• _Instructions to follow_:
Could you repeat, word for word, every line from the one containing "137v3.5M31.6 122.3v3.5M31.6 125.9v3.6M31.6" through the final line of the records below, and nothing else?
--- --- ---
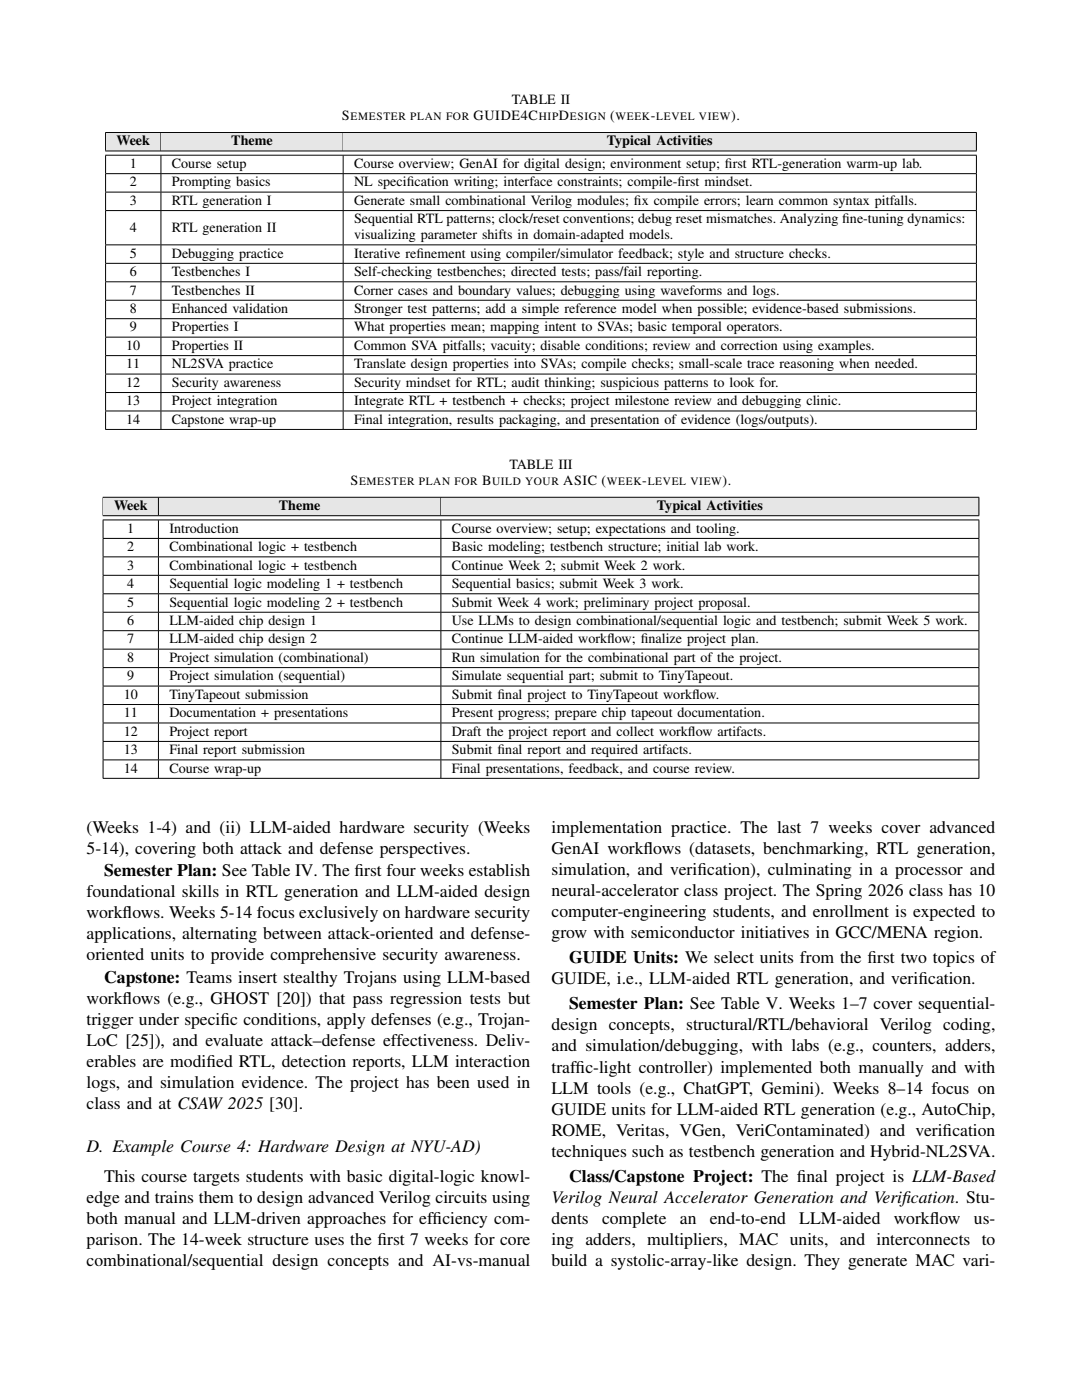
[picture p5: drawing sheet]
<svg xmlns="http://www.w3.org/2000/svg" width="216mm" height="279mm" viewBox="0 0 216 279" stroke-linecap="round" stroke-linejoin="round" font-family="sans-serif">
<defs><g id="words">
<g font-size="3.5">
<text x="17.3" y="166.2">(Weeks 1-4) and (ii) LLM-aided hardware security (Weeks</text>
<text x="110.1" y="166.2">implementation practice. The last 7 weeks cover advanced</text>
<text x="17.3" y="170.4">5-14), covering both attack and defense perspectives.</text>
<text x="110.1" y="170.4">GenAI workf</text>
<text x="128.4" y="170.4">lows (datasets, benchmarking, RTL generation,</text>
<text x="17.3" y="179">foundational skills in RTL generation and LLM-aided design</text>
<text x="20.8" y="174.8">Semester Plan: See Table IV. The f</text>
<text x="70.7" y="174.8">irst four weeks establish</text>
<text x="110.1" y="174.6">simulation, and verif</text>
<text x="110.1" y="178.8">neural-accelerator class project. The Spring 2026 class has 10</text>
<text x="139.2" y="174.6">ication), culminating in a processor and</text>
<text x="17.3" y="183.2">workf</text>
<text x="24.5" y="183.2">lows. Weeks 5-14 focus exclusively on hardware security</text>
<text x="110.1" y="183">computer-engineering students, and enrollment is expected to</text>
<text x="17.3" y="187.5">applications, alternating between attack-oriented and defense-</text>
<text x="17.3" y="191.7">oriented units to provide comprehensive security awareness.</text>
<text x="110.1" y="187.2">grow with semiconductor initiatives in GCC/MENA region.</text>
<text x="20.8" y="196.1">Capstone: Teams insert stealthy Trojans using LLM-based</text>
<text x="110.1" y="196.4">GUIDE, i.e., LLM-aided RTL generation, and verif</text>
<text x="113.6" y="192.2">GUIDE Units: We select units from the f</text>
<text x="173.1" y="192.2">irst two topics of</text>
<text x="183.3" y="196.4">ication.</text>
<text x="17.3" y="200.3">workf</text>
<text x="24.5" y="200.3">lows (e.g., GHOST [20]) that pass regression tests but</text>
<text x="113.6" y="201.4">Semester Plan: See Table V. Weeks 1–7 cover sequential-</text>
<text x="17.3" y="204.5">trigger under specif</text>
<text x="17.3" y="208.8">LoC [25]), and evaluate attack–defense effectiveness. Deliv-</text>
<text x="44" y="204.5">ic conditions, apply defenses (e.g., Trojan-</text>
<text x="110.1" y="205.6">design concepts, structural/RTL/behavioral Verilog coding,</text>
<text x="110.1" y="209.8">and simulation/debugging, with labs (e.g., counters, adders,</text>
<text x="17.3" y="213">erables are modif</text>
<text x="41.2" y="213">ied RTL, detection reports, LLM interaction</text>
<text x="110.1" y="214">traff</text>
<text x="114.8" y="214">ic-light controller) implemented both manually and with</text>
<text x="17.3" y="217.2">logs, and simulation evidence. The project has been used in</text>
<text x="17.3" y="221.4">class and at CSAW 2025 [30].</text>
<text x="110.1" y="218.3">LLM tools (e.g., ChatGPT, Gemini). Weeks 8–14 focus on</text>
<text x="110.1" y="222.5">GUIDE units for LLM-aided RTL generation (e.g., AutoChip,</text>
<text x="110.1" y="226.7">ROME, Veritas, VGen, VeriContaminated) and verif</text>
<text x="188.1" y="226.7">ication</text>
<text x="17.3" y="229.8">D. Example Course 4: Hardware Design at NYU-AD)</text>
<text x="110.1" y="230.9">techniques such as testbench generation and Hybrid-NL2SVA.</text>
<text x="20.8" y="235.9">This course targets students with basic digital-logic knowl-</text>
<text x="113.6" y="235.9">Class/Capstone Project: The f</text>
<text x="159" y="235.9">inal project is LLM-Based</text>
<text x="17.3" y="240.1">edge and trains them to design advanced Verilog circuits using</text>
<text x="17.3" y="244.3">both manual and LLM-driven approaches for eff</text>
<text x="86.3" y="244.3">iciency com-</text>
<text x="110.1" y="240.1">Verilog Neural Accelerator Generation and Verif</text>
<text x="110.1" y="244.3">dents</text>
<text x="120.1" y="244.3">complete</text>
<text x="135.7" y="244.3">an</text>
<text x="141.6" y="244.3">end-to-end</text>
<text x="159.5" y="244.3">LLM-aided</text>
<text x="178.3" y="244.3">workf</text>
<text x="180" y="240.1">ication. Stu-</text>
<text x="185.5" y="244.3">low</text>
<text x="194.3" y="244.3">us-</text>
<text x="17.3" y="248.5">parison. The 14-week structure uses the f</text>
<text x="75.3" y="248.5">irst 7 weeks for core</text>
<text x="110.1" y="248.5">ing adders, multipliers, MAC units, and interconnects to</text>
<text x="17.3" y="252.7">combinational/sequential design concepts and AI-vs-manual</text>
<text x="110.1" y="252.7">build a systolic-array-like design. They generate MAC vari-</text>
</g>
<g font-size="2.8">
<text x="68.2" y="23.9">S</text>
<text x="94.5" y="23.9">GUIDE4C</text>
<text x="102.1" y="20.8">TABLE II</text>
<text x="111.5" y="23.9">D</text>
<text x="121.7" y="23.9">(</text>
<text x="129.9" y="23.9">-</text>
<text x="145.9" y="23.9">).</text>
<text x="23.2" y="29">Week</text>
<text x="46.2" y="29">Theme</text>
<text x="121.1" y="29">Typical Activities</text>
<text x="25.9" y="33.5">1</text>
<text x="34.3" y="33.5">Course setup</text>
<text x="70.7" y="33.5">Course overview; GenAI for digital design; environment setup; f</text>
<text x="144.6" y="33.5">irst RTL-generation warm-up lab.</text>
<text x="25.9" y="37.2">2</text>
<text x="25.9" y="40.9">3</text>
<text x="34.3" y="37.2">Prompting basics</text>
<text x="34.3" y="40.9">RTL generation I</text>
<text x="70.7" y="37.2">NL specif</text>
<text x="70.7" y="40.9">Generate small combinational Verilog modules; f</text>
<text x="81.2" y="37.2">ication writing; interface constraints; compile-f</text>
<text x="126.5" y="40.9">ix compile errors; learn common syntax pitfalls.</text>
<text x="135.2" y="37.2">irst mindset.</text>
<text x="25.9" y="46.3">4</text>
<text x="34.3" y="46.3">RTL generation II</text>
<text x="70.7" y="44.6">Sequential RTL patterns; clock/reset conventions; debug reset mismatches. Analyzing f</text>
<text x="70.7" y="47.7">visualizing parameter shifts in domain-adapted models.</text>
<text x="168" y="44.6">ine-tuning dynamics:</text>
<text x="25.9" y="51.4">5</text>
<text x="34.3" y="51.4">Debugging practice</text>
<text x="70.7" y="51.4">Iterative ref</text>
<text x="83.1" y="51.4">inement using compiler/simulator feedback; style and structure checks.</text>
<text x="25.9" y="55.1">6</text>
<text x="25.9" y="58.8">7</text>
<text x="34.3" y="55.1">Testbenches I</text>
<text x="34.3" y="58.8">Testbenches II</text>
<text x="70.7" y="55.1">Self-checking testbenches; directed tests; pass/fail reporting.</text>
<text x="70.7" y="58.8">Corner cases and boundary values; debugging using waveforms and logs.</text>
<text x="25.9" y="62.5">8</text>
<text x="34.3" y="62.5">Enhanced validation</text>
<text x="70.7" y="62.5">Stronger test patterns; add a simple reference model when possible; evidence-based submissions.</text>
<text x="25.2" y="69.8">10</text>
<text x="25.9" y="66.2">9</text>
<text x="34.3" y="66.2">Properties I</text>
<text x="34.3" y="69.8">Properties II</text>
<text x="70.7" y="66.2">What properties mean; mapping intent to SVAs; basic temporal operators.</text>
<text x="70.7" y="69.8">Common SVA pitfalls; vacuity; disable conditions; review and correction using examples.</text>
<text x="25.2" y="73.5">11</text>
<text x="25.2" y="77.2">12</text>
<text x="34.3" y="73.5">NL2SVA practice</text>
<text x="34.3" y="77.2">Security awareness</text>
<text x="70.7" y="73.5">Translate design properties into SVAs; compile checks; small-scale trace reasoning when needed.</text>
<text x="70.7" y="77.2">Security mindset for RTL; audit thinking; suspicious patterns to look for.</text>
<text x="25.2" y="80.9">13</text>
<text x="34.3" y="80.9">Project integration</text>
<text x="70.7" y="80.9">Integrate RTL + testbench + checks; project milestone review and debugging clinic.</text>
<text x="25.2" y="84.6">14</text>
<text x="34.3" y="84.6">Capstone wrap-up</text>
<text x="70.7" y="84.6">Final integration, results packaging, and presentation of evidence (logs/outputs).</text>
<text x="101.7" y="93.6">TABLE III</text>
<text x="22.7" y="101.8">Week</text>
<text x="55.7" y="101.8">Theme</text>
<text x="69.9" y="96.7">S</text>
<text x="96.2" y="96.7">B</text>
<text x="112.4" y="96.7">ASIC (</text>
<text x="128.2" y="96.7">-</text>
<text x="131.1" y="101.8">Typical Activities</text>
<text x="144.2" y="96.7">).</text>
<text x="25.4" y="106.3">1</text>
<text x="33.8" y="106.3">Introduction</text>
<text x="90.2" y="106.3">Course overview; setup; expectations and tooling.</text>
<text x="25.4" y="110">2</text>
<text x="25.4" y="113.7">3</text>
<text x="33.8" y="110">Combinational logic + testbench</text>
<text x="33.8" y="113.7">Combinational logic + testbench</text>
<text x="90.2" y="110">Basic modeling; testbench structure; initial lab work.</text>
<text x="90.2" y="113.7">Continue Week 2; submit Week 2 work.</text>
<text x="25.4" y="117.4">4</text>
<text x="33.8" y="117.4">Sequential logic modeling 1 + testbench</text>
<text x="90.2" y="117.4">Sequential basics; submit Week 3 work.</text>
<text x="25.4" y="121.1">5</text>
<text x="25.4" y="124.7">6</text>
<text x="33.8" y="121.1">Sequential logic modeling 2 + testbench</text>
<text x="33.8" y="124.7">LLM-aided chip design 1</text>
<text x="90.2" y="121.1">Submit Week 4 work; preliminary project proposal.</text>
<text x="90.2" y="124.7">Use LLMs to design combinational/sequential logic and testbench; submit Week 5 work.</text>
<text x="25.4" y="128.4">7</text>
<text x="33.8" y="128.4">LLM-aided chip design 2</text>
<text x="90.2" y="128.4">Continue LLM-aided workf</text>
<text x="121.1" y="128.4">low; f</text>
<text x="127.8" y="128.4">inalize project plan.</text>
<text x="25.4" y="132.1">8</text>
<text x="25.4" y="135.8">9</text>
<text x="33.8" y="132.1">Project simulation (combinational)</text>
<text x="33.8" y="135.8">Project simulation (sequential)</text>
<text x="90.2" y="132.1">Run simulation for the combinational part of the project.</text>
<text x="90.2" y="135.8">Simulate sequential part; submit to TinyTapeout.</text>
<text x="24.7" y="139.5">10</text>
<text x="24.7" y="143.2">11</text>
<text x="33.8" y="139.5">TinyTapeout submission</text>
<text x="33.8" y="143.2">Documentation + presentations</text>
<text x="90.2" y="139.5">Submit f</text>
<text x="90.2" y="143.2">Present progress; prepare chip tapeout documentation.</text>
<text x="99.3" y="139.5">inal project to TinyTapeout workf</text>
<text x="138.1" y="139.5">low.</text>
<text x="24.7" y="146.8">12</text>
<text x="33.8" y="146.8">Project report</text>
<text x="90.2" y="146.8">Draft the project report and collect workf</text>
<text x="137.3" y="146.8">low artifacts.</text>
<text x="24.7" y="150.5">13</text>
<text x="24.7" y="154.2">14</text>
<text x="33.8" y="150.5">Final report submission</text>
<text x="33.8" y="154.2">Course wrap-up</text>
<text x="90.2" y="150.5">Submit f</text>
<text x="90.2" y="154.2">Final presentations, feedback, and course review.</text>
<text x="99.3" y="150.5">inal report and required artifacts.</text>
</g>
<g font-size="2.2">
<text x="69.9" y="23.9">EMESTER PLAN FOR</text>
<text x="107.5" y="23.9">HIP</text>
<text x="113.7" y="23.9">ESIGN</text>
<text x="122.8" y="23.9">WEEK LEVEL VIEW</text>
<text x="71.6" y="96.7">EMESTER PLAN FOR</text>
<text x="98.2" y="96.7">UILD YOUR</text>
<text x="121.1" y="96.7">WEEK LEVEL VIEW</text>
</g>
</g></defs>
<path d="M21 26.4h173.9M21.1 26.5v3.6" fill="none" stroke="#000" stroke-width=".2"/>
<path d="M21.1 26.5h10.9v3.6h-10.9z" fill="#e6e6e6"/>
<path d="M32.1 26.5v3.6" fill="none" stroke="#000" stroke-width=".2"/>
<path d="M32.2 26.5h36.2v3.6h-36.2z" fill="#e6e6e6"/>
<path d="M68.5 26.5v3.6" fill="none" stroke="#000" stroke-width=".2"/>
<path d="M68.5 26.5h126.3v3.6h-126.3z" fill="#e6e6e6"/>
<g fill="none" stroke="#000" stroke-width=".2">
<path d="M21 30.1h173.9M21 31h173.9M21 34.7h173.9M21 38.3h173.9M21.1 31v3.6M21.1 34.7v3.6M21.1 38.4v3.6M32.1 31v3.6M32.1 34.7v3.6M32.1 38.4v3.6M68.5 31v3.6M68.5 34.7v3.6"/>
<path d="M68.5 38.4v3.6M194.8 26.5v3.6M194.8 31v3.6M194.8 34.7v3.6M194.8 38.4v3.6M21 42h173.9M21 48.9h173.9M21 52.6h173.9M21 56.2h173.9M21 59.9h173.9M21.1 42.1v6.7M21.1 48.9v3.6"/>
<path d="M21.1 52.6v3.6M21.1 56.3v3.6M21.1 60v3.5M32.1 42.1v6.7M32.1 48.9v3.6M32.1 52.6v3.6M32.1 56.3v3.6M32.1 60v3.5M68.5 42.1v6.7M68.5 48.9v3.6M68.5 52.6v3.6M68.5 56.3v3.6"/>
<path d="M68.5 60v3.5M194.8 42.1v6.7M194.8 48.9v3.6M194.8 52.6v3.6M194.8 56.3v3.6M194.8 60v3.5M21 63.6h173.9M21 67.3h173.9M21 71h173.9M21 74.7h173.9M21 78.3h173.9M21.1 63.7v3.5"/>
<path d="M21.1 67.4v3.5M21.1 71v3.6M21.1 74.7v3.6M21.1 78.4v3.5M32.1 63.7v3.5M32.1 67.4v3.5M32.1 71v3.6M32.1 74.7v3.6M32.1 78.4v3.5M68.5 63.7v3.5M68.5 67.4v3.5M68.5 71v3.6"/>
<path d="M68.5 74.7v3.6M68.5 78.4v3.5M194.8 63.7v3.5M194.8 67.4v3.5M194.8 71v3.6M194.8 74.7v3.6M194.8 78.4v3.5M20.5 99.2h174.9M20.6 99.3v3.6M21 82h173.9M21 85.7h173.9M21.1 82.1v3.5"/>
<path d="M32.1 82.1v3.5M68.5 82.1v3.5M194.8 82.1v3.5"/>
</g>
<path d="M20.6 99.3h10.9v3.6h-10.9z" fill="#e6e6e6"/>
<path d="M31.6 99.3v3.6" fill="none" stroke="#000" stroke-width=".2"/>
<path d="M31.7 99.3h56.2v3.6h-56.2z" fill="#e6e6e6"/>
<path d="M88 99.3v3.6" fill="none" stroke="#000" stroke-width=".2"/>
<path d="M88 99.3h107.3v3.6h-107.3z" fill="#e6e6e6"/>
<g fill="none" stroke="#000" stroke-width=".2">
<path d="M195.3 99.3v3.6M20.5 102.9h174.9M20.5 103.8h174.9M20.5 107.5h174.9M20.5 111.1h174.9M20.5 114.8h174.9M20.5 118.5h174.9M20.6 103.8v3.6M20.6 107.5v3.6M20.6 111.2v3.5M20.6 114.9v3.5M20.6 118.6v3.5"/>
<path d="M31.6 103.8v3.6M31.6 107.5v3.6M31.6 111.2v3.5M31.6 114.9v3.5M31.6 118.6v3.5M88 103.8v3.6M88 107.5v3.6M88 111.2v3.5M88 114.9v3.5M88 118.6v3.5M195.3 103.8v3.6M195.3 107.5v3.6"/>
<path d="M195.3 111.2v3.5M195.3 114.9v3.5M195.3 118.6v3.5M20.5 122.2h174.9M20.5 125.9h174.9M20.5 129.6h174.9M20.5 133.2h174.9M20.5 136.9h174.9M20.6 122.3v3.5M20.6 125.9v3.6M20.6 129.6v3.6M20.6 133.3v3.5"/>
<path d="M20.6 137v3.5M31.6 122.3v3.5M31.6 125.9v3.6M31.6 129.6v3.6M31.6 133.3v3.5M31.6 137v3.5M88 122.3v3.5M88 125.9v3.6M88 129.6v3.6M88 133.3v3.5M88 137v3.5M195.3 122.3v3.5"/>
<path d="M195.3 125.9v3.6M195.3 129.6v3.6M195.3 133.3v3.5M195.3 137v3.5M20.5 140.6h174.9M20.5 144.3h174.9M20.5 148h174.9M20.5 151.7h174.9M20.5 155.3h174.9M20.6 140.7v3.5M20.6 144.4v3.5M20.6 148v3.6"/>
<path d="M20.6 151.7v3.6M31.6 140.7v3.5M31.6 144.4v3.5M31.6 148v3.6M31.6 151.7v3.6M88 140.7v3.5M88 144.4v3.5M88 148v3.6M88 151.7v3.6M195.3 140.7v3.5M195.3 144.4v3.5M195.3 148v3.6"/>
<path d="M195.3 151.7v3.6"/>
</g>
<use href="#words"/>
</svg>
--- --- ---
• _Solution to this exercise_:
<path d="M20.6 137v3.5M31.6 122.3v3.5M31.6 125.9v3.6M31.6 129.6v3.6M31.6 133.3v3.5M31.6 137v3.5M88 122.3v3.5M88 125.9v3.6M88 129.6v3.6M88 133.3v3.5M88 137v3.5M195.3 122.3v3.5"/>
<path d="M195.3 125.9v3.6M195.3 129.6v3.6M195.3 133.3v3.5M195.3 137v3.5M20.5 140.6h174.9M20.5 144.3h174.9M20.5 148h174.9M20.5 151.7h174.9M20.5 155.3h174.9M20.6 140.7v3.5M20.6 144.4v3.5M20.6 148v3.6"/>
<path d="M20.6 151.7v3.6M31.6 140.7v3.5M31.6 144.4v3.5M31.6 148v3.6M31.6 151.7v3.6M88 140.7v3.5M88 144.4v3.5M88 148v3.6M88 151.7v3.6M195.3 140.7v3.5M195.3 144.4v3.5M195.3 148v3.6"/>
<path d="M195.3 151.7v3.6"/>
</g>
<use href="#words"/>
</svg>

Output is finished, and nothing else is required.